Dec 10, 2020 01:13PM ● By Editor
Photo: Center for Biological Diversity

By Garret Ellison of mlive.com - December 9, 2020

A decision is near on whether the monarch butterfly, an iconic and beloved pollinator that migrates through the Great Lakes region each year, warrants listing as an endangered species in the U.S. as its population counts dwindle due to habitat loss.

The U.S. Fish and Wildlife Service (FWS) is expected to decide next week whether to extend federal protection under the Endangered Species Act of 1973 to the butterfly after conservation groups petitioned for listing in 2014 and sued in 2016 to accelerate the process.

The agency’s deadline is Dec. 15 to submit a finding that protection through a threatened or endangered species designation is warranted or not.

Should protection be warranted, the agency would begin a rule-making process involving public comment and hearings. A listing would make it illegal to kill, harm or harass a monarch butterfly and likely restrict the destruction of certain plants.

“We’ve been doing a lot of work gathering information and looking at the butterfly’s status,” said U.S. Fish and Wildlife Service spokeswoman Georgia Parham. “We’re coming to the end of that process now.”

The monarch butterfly, with its distinctive orange and black wings, is one of the most recognizable species in North America. Wildlife advocates say both the eastern and western U.S. populations are declining as habitat dwindles.

Rebeca Quinonez-Pinon, monarch outreach program coordinator at the National Wildlife Federation, said monarch populations have been declining since the 1990s. Urbanization, pesticide use and conversation of native grassland to cropland have all taken their toll, she said.

“Pesticides are definitely not good for them,” she said.

In March, the Center for Biological Diversity said the annual count of monarchs overwintering in Mexico decreased by 53 percent from the year prior, an alarming drop that’s stoked worries about a migratory population collapse.

Most North American monarchs migrate each winter to oyamel fir tree forests on 12 mountaintops in central Mexico. Scientists estimate population by measuring the area of trees turned orange by clustered butterflies. Monarchs west of the Rocky Mountains overwinter on the California coast, where the Center for Biological Diversity says population counts have fallen to below 30,000 from 1.2 million two decades ago.
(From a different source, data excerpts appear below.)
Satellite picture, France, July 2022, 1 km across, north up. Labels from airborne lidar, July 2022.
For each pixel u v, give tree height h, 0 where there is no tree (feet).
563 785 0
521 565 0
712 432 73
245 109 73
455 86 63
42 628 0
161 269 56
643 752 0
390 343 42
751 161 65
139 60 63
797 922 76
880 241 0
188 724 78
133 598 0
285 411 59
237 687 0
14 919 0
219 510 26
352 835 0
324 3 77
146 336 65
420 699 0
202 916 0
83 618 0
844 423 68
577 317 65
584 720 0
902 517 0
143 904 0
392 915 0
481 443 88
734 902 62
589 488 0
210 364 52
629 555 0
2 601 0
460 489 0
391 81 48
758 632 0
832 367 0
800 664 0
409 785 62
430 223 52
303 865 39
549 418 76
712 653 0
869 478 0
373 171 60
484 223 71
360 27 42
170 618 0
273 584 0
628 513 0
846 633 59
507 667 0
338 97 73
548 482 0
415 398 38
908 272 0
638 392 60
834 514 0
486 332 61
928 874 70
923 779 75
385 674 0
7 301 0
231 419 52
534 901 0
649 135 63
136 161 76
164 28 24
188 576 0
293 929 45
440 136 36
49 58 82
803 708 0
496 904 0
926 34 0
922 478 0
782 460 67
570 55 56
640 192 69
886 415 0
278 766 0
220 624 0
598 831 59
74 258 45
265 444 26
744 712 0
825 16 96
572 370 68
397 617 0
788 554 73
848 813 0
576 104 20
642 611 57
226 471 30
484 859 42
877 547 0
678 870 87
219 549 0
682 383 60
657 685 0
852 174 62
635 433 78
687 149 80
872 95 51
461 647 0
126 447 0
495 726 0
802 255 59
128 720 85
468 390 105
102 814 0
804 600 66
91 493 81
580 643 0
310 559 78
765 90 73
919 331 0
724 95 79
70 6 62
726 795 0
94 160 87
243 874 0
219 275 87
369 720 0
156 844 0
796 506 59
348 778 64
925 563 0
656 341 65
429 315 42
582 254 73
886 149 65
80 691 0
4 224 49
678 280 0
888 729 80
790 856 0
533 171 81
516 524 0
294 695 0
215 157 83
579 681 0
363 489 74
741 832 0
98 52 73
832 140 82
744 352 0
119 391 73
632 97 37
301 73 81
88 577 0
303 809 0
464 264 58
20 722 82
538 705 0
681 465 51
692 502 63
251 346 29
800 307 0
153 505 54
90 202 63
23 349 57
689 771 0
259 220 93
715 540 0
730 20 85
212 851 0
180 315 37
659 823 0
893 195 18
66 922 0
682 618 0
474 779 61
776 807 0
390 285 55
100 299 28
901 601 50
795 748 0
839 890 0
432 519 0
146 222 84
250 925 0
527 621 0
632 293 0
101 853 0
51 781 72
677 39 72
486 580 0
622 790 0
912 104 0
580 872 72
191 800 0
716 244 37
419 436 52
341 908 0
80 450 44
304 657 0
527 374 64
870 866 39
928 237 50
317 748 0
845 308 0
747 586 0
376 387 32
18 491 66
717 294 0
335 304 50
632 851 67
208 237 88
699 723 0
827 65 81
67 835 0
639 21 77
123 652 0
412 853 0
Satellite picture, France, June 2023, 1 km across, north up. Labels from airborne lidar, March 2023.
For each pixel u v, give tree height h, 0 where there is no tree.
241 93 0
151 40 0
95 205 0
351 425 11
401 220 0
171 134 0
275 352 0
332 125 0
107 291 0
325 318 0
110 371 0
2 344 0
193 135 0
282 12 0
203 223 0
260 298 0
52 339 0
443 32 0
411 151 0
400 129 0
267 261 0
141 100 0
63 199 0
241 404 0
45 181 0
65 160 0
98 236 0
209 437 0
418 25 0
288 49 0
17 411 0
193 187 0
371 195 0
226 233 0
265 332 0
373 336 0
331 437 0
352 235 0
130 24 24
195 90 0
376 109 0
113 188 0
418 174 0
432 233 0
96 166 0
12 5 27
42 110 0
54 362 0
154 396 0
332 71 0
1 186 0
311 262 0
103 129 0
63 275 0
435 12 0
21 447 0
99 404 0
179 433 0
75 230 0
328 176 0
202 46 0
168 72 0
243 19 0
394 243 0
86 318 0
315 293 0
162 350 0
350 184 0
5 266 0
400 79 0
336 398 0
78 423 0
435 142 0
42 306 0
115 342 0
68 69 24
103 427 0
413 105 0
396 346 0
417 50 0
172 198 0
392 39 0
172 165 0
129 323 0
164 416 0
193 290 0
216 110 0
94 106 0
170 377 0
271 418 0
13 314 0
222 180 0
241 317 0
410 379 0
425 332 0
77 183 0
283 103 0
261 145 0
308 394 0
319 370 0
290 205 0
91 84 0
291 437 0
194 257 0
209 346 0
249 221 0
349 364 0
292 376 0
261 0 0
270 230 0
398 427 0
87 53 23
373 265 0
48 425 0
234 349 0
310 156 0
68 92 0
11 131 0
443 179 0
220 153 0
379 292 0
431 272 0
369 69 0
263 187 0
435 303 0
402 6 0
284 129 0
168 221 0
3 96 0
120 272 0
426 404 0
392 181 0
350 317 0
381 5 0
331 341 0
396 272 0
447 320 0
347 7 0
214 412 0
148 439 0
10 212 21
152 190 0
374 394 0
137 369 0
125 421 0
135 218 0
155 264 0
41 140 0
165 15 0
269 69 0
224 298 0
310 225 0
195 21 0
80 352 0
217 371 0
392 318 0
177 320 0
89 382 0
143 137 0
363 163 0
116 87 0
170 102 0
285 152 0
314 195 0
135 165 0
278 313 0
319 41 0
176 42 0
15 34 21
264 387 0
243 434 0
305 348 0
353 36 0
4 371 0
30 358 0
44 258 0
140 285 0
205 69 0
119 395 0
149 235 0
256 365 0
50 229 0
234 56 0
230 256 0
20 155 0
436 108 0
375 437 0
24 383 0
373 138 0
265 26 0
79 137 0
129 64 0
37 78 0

The center pointed to the threat of global climate change as likely to further disrupt monarch migrations and eventually render winter habitats unsuitable.

Center for Biological Diversity, which was among several that petitioned FWS to list the monarch as endangered, says an estimated 165 million acres of breeding habitat has been lost in the U.S. due to herbicide spraying and development that’s reduced the prevalence of milkweed.

“Monarchs cannot reproduce without milkweed,” said Dan Kennedy, acting wildlife division chief at the Michigan Department of Natural Resources (DNR).

“That’s where they lay their eggs and caterpillars grow and metamorphosize into adult butterflies.”

The butterflies also need a nectar source, such as wildflowers, when they arrive in the U.S. and Canada.

“A lot of that ends up being grassland habitats,” he said.

Kennedy said questions around managing milkweed and grassland habitat is “where it gets tricky” in the conversation around protecting monarch butterflies.

A federal listing would trigger protection for monarch under Michigan’s endangered species law, but Kennedy said the legislature would need to act to update the state list.

Kennedy said Michigan and several other states have embarked on habitat conservation efforts over the past few years to increase milkweed numbers and promote grassland preservation through voluntary incentive programs aimed at farmers and other large land owners.


To read more of the original story and see related environmental reporting, follow this link to the mlive.com website.  https://www.mlive.com/public-interest/2020/12/monarch-butterfly-endangered-decision-nears-as-numbers...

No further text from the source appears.